Auch die zweite Regelung, die gerade angesprochen wurde und die Frau Skudelny meiner Ansicht nach falsch dargestellt hat, ist merkwürdig: Alle Euro-6-Pkw sollen pauschal in den Fahrverbotszonen fahren dürfen.

(Judith Skudelny [FDP]: Warum liest niemand weiter?)

Das wäre sozusagen ein Freifahrtschein, obwohl unter anderem der ADAC gezeigt hat, dass viele ältere Euro-6-Diesel dafür zu dreckig sind.

(Christian Sauter [FDP]: Wollen Sie die jetzt auch noch enteignen, oder was? – Bernhard Loos [CDU/CSU]: Was sollen denn die Leute fahren?)

Auch diese Ausnahme wird schlicht unwirksam sein, wenn ein Gericht ein Fahrverbot dieser Autos als nötig ansieht, um das Recht auf saubere Luft durchzusetzen.

Dieser Gesetzentwurf ist eine Nebelkerze. Die Bundesregierung wiegt damit Tausende Bürgerinnen und Bürger in der falschen Sicherheit, dass für ihre Euro-6-Diesel nie Fahrverbote gelten werden oder dass ihre Stadt nie mit einem Fahrverbot belegt wird.

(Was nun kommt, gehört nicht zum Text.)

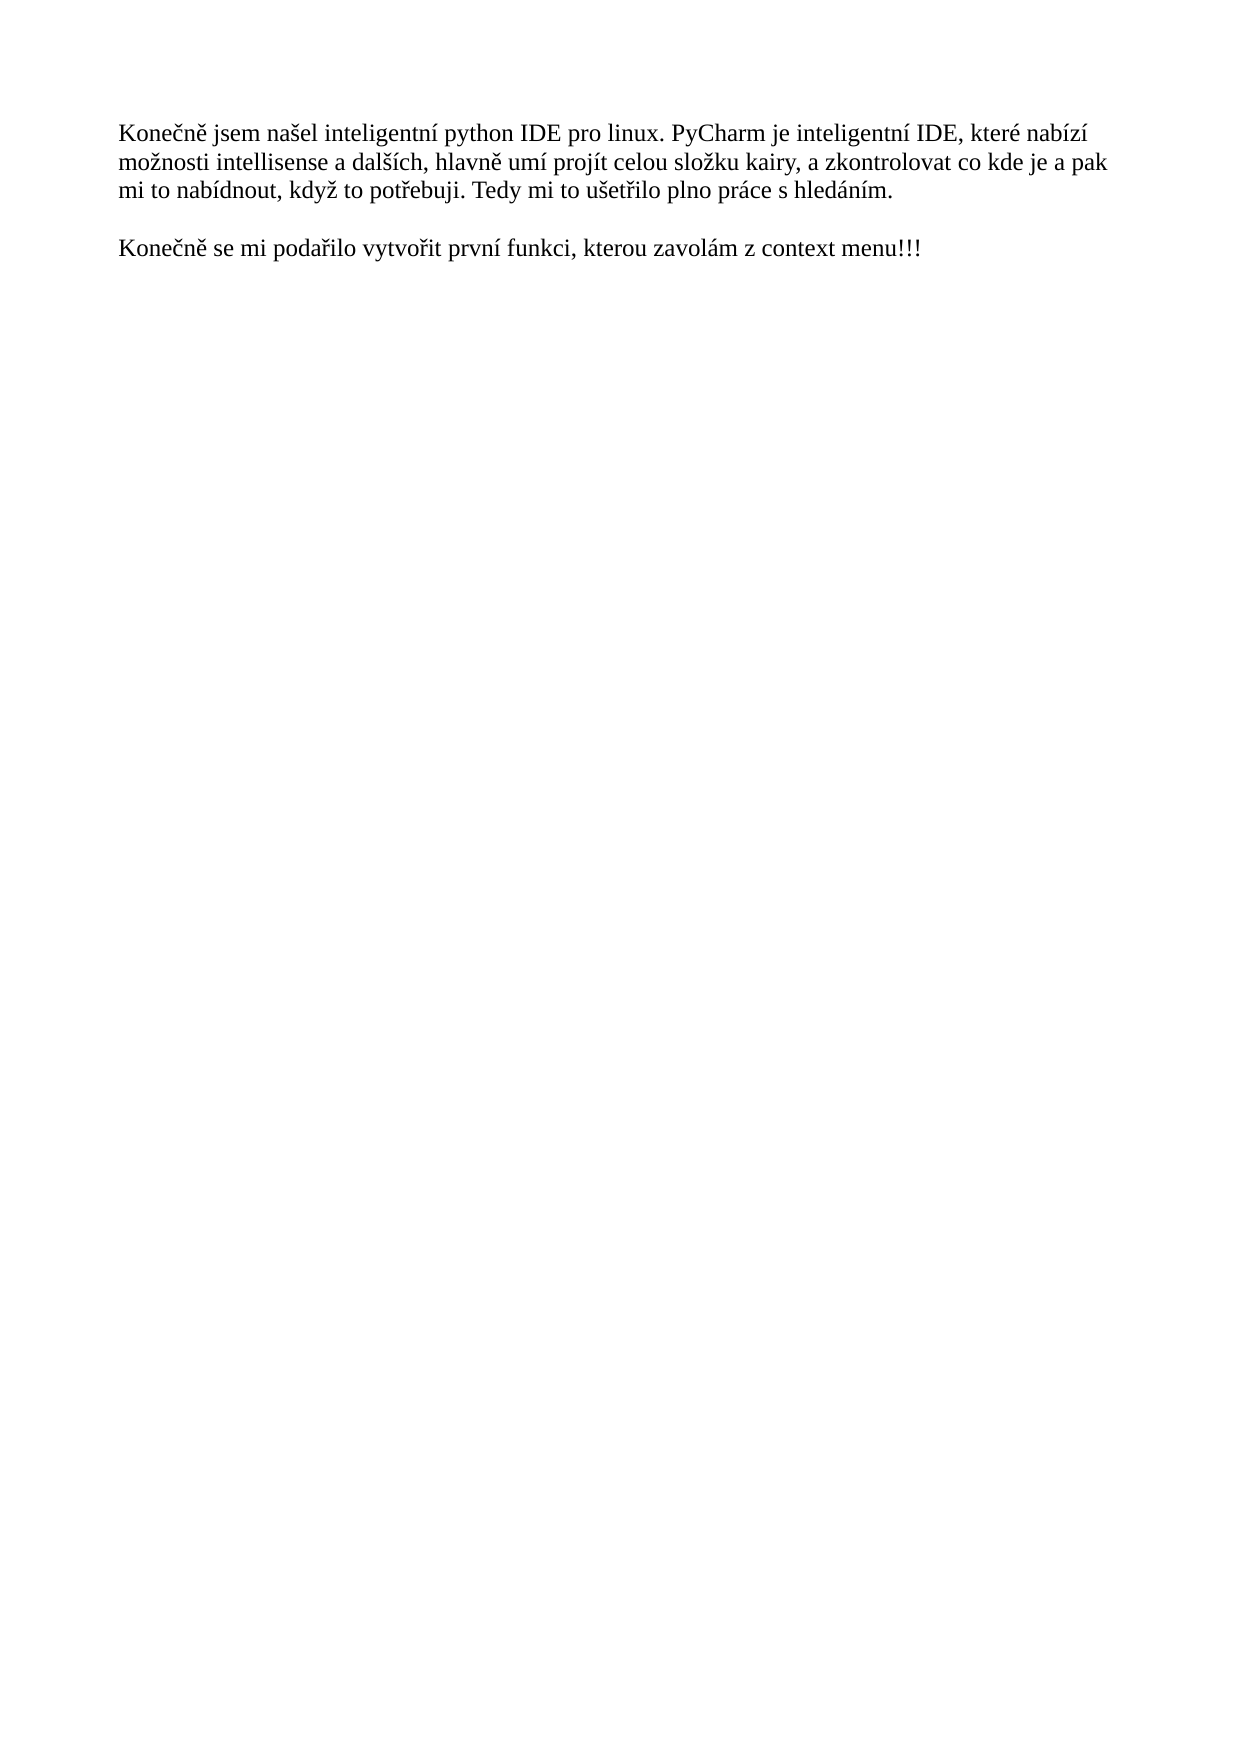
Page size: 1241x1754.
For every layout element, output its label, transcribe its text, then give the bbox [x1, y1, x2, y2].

text Konečně se mi podařilo vytvořit první funkci, kterou zavolám z context menu!!! [118, 233, 1122, 262]
text Konečně jsem našel inteligentní python IDE pro linux. PyCharm je inteligentní IDE, které nabízí možnosti intellisense a dalších, hlavně umí projít celou složku kairy, a zkontrolovat co kde je a pak mi to nabídnout, když to potřebuji. Tedy mi to ušetřilo plno práce s hledáním. [118, 118, 1122, 204]

Platzt dieser ungedeckte Scheck, wird dies zu Politikverdruss führen,

(Bernhard Loos [CDU/CSU]: Ja, wegen der vielen Verbote der Grünen! Genau deshalb! Wegen der Verbote!)

und das ist wahrscheinlich der schlimmste Aspekt an diesem Entwurf.

(Beifall beim BÜNDNIS 90/DIE GRÜNEN)

Umweltministerin und Verkehrsminister simulieren hier sozusagen Handlungsfähigkeit, obwohl sie gar nicht handlungsfähig sind. Dabei liegt die Lösung doch auf der Hand:

(Bernhard Loos [CDU/CSU]: Wo ist die Lösung?)

Führen Sie die Blaue Plakette ein! Sorgen Sie dafür, dass die Dieselfahrer entschädigt werden und dass die Autoindustrie diese Kosten übernimmt! Wenn Sie das endlich umsetzen würden, müssten wir hier nicht einmal im Ansatz über diesen Gesetzentwurf reden.

(Beifall beim BÜNDNIS 90/DIE GRÜNEN und bei der LINKEN – Bernhard Loos [CDU/CSU]: Keine Lösung!)